X_train, X_test = train_test_split(data, test_size=0.2, random_state=74)

In [None]:
X_train.head()

Unnamed: 0,R&D Spend,Administration,Marketing Spend,State,Profit
3,144372.41,118671.85,383199.62,New York,182901.99
29,65605.48,153032.06,107138.38,New York,101004.64
34,46426.07,157693.92,210797.67,California,96712.8
5,131876.9,99814.71,362861.36,New York,156991.12
13,91992.39,135495.07,252664.93,California,134307.35


In [None]:
X_test.head()

Unnamed: 0,R&D Spend,Administration,Marketing Spend,State,Profit
22,73994.56,122782.75,303319.26,Florida,110352.25
16,78013.11,121597.55,264346.06,California,126992.93
26,75328.87,144135.98,134050.07,Florida,105733.54
8,120542.52,148718.95,311613.29,New York,152211.77
32,63408.86,129219.61,46085.25,California,97427.84


In [None]:
# One-Hot Encoding.
from sklearn.compose import ColumnTransformer
from sklearn.preprocessing import OneHotEncoder

ct = ColumnTransformer(
    transformers=[("encoder", OneHotEncoder(), [3])], remainder="passthrough"
)
X = np.array(ct.fit_transform(X_train.iloc[:, :].values))

data = pd.DataFrame(
    X,
    columns=[
        "California",
        "Florida",
        "New York",
        "R&D Spend",
        "Administration",
        "Marketing Spend",
        "Profit",
    ],
)

data.head()

Unnamed: 0,California,Florida,New York,R&D Spend,Administration,Marketing Spend,Profit
0,0.0,0.0,1.0,144372.41,118671.85,383199.62,182901.99
1,0.0,0.0,1.0,65605.48,153032.06,107138.38,101004.64
2,1.0,0.0,0.0,46426.07,157693.92,210797.67,96712.8
3,0.0,0.0,1.0,131876.9,99814.71,362861.36,156991.12
4,1.0,0.0,0.0,91992.39,135495.07,252664.93,134307.35


In [None]:
y = np.array(ct.transform(X_test.iloc[:, :].values))

test = pd.DataFrame(
    y,
    columns=[
        "California",
        "Florida",
        "New York",
        "R&D Spend",
        "Administration",
        "Marketing Spend",
        "Profit",
    ],
)

test.head()

Unnamed: 0,California,Florida,New York,R&D Spend,Administration,Marketing Spend,Profit
0,0.0,1.0,0.0,73994.56,122782.75,303319.26,110352.25
1,1.0,0.0,0.0,78013.11,121597.55,264346.06,126992.93
2,0.0,1.0,0.0,75328.87,144135.98,134050.07,105733.54
3,0.0,0.0,1.0,120542.52,148718.95,311613.29,152211.77
4,1.0,0.0,0.0,63408.86,129219.61,46085.25,97427.84


## **When to use Label Encoding vs.

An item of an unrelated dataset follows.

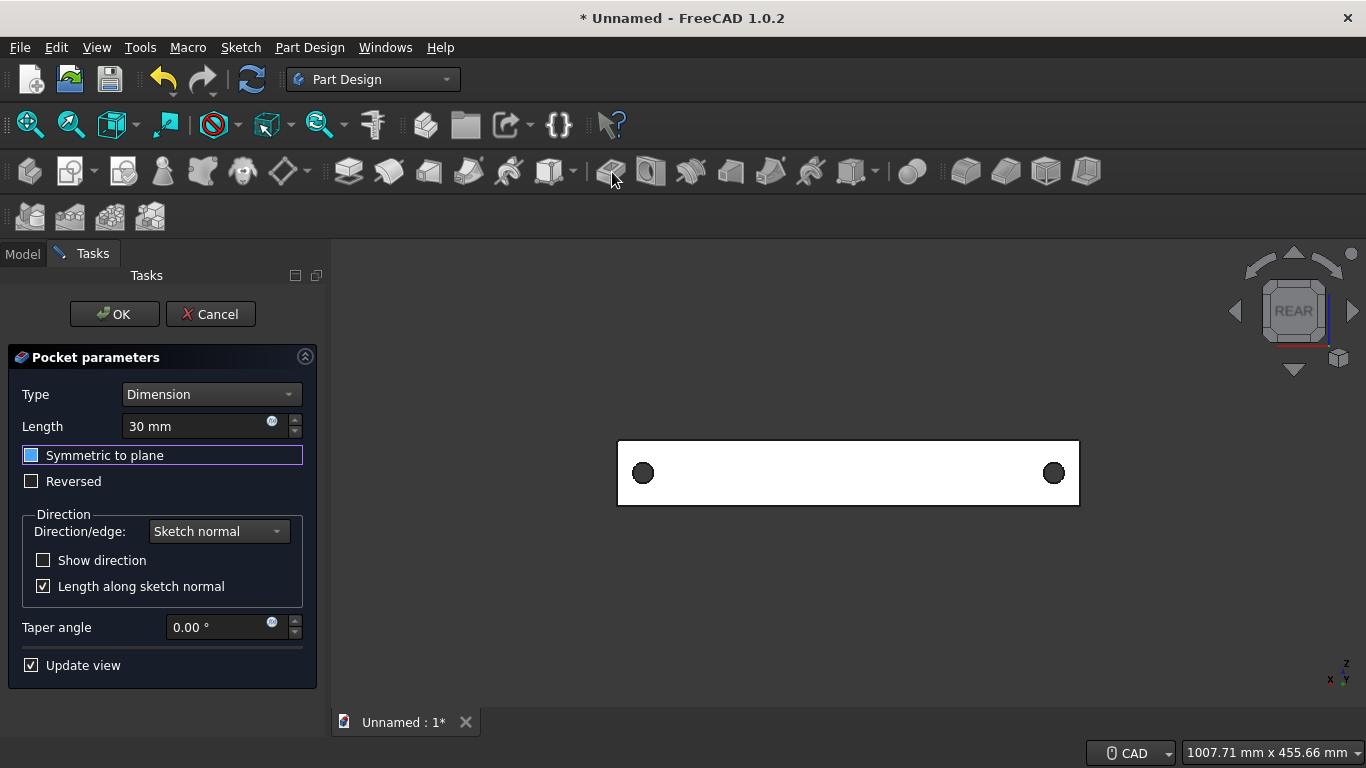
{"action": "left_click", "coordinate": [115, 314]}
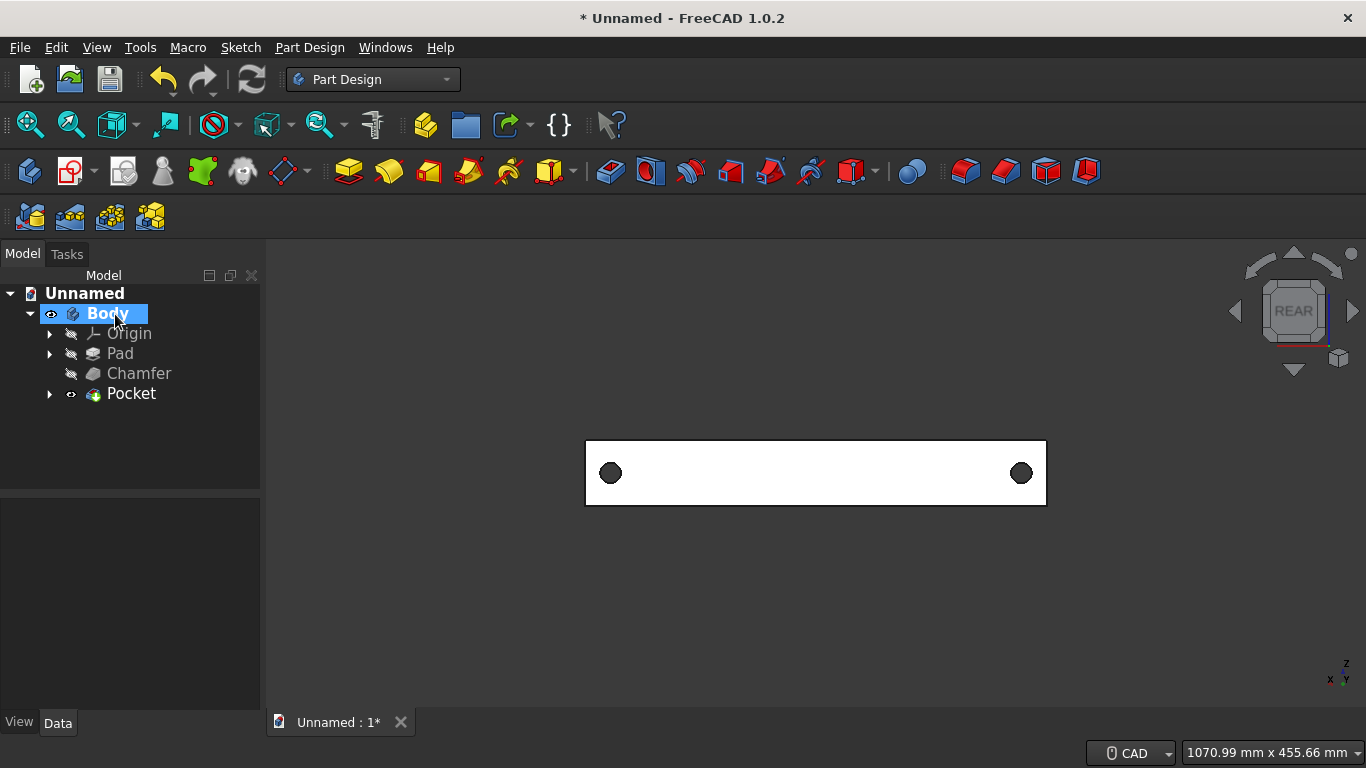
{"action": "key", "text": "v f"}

One-Hot Encoding?**

This question depends on the dataset and the model we wish to apply. A few points to note before choosing the correct encoding technique.

**Apply One-Hot Encoding when:**
*  The categorical feature is not ordinal (i.e., India, USA, UK, France, etc.)

*  The number of categorical features is less, so one-hot encoding can be effectively applied.

**Apply Label Encoding when:**
*  The categorical feature is ordinal (like Jr. kg, Sr. kg, Primary School, High School, etc.)

*  The number of categories is quite large as one-hot encoding can lead to high memory consumption.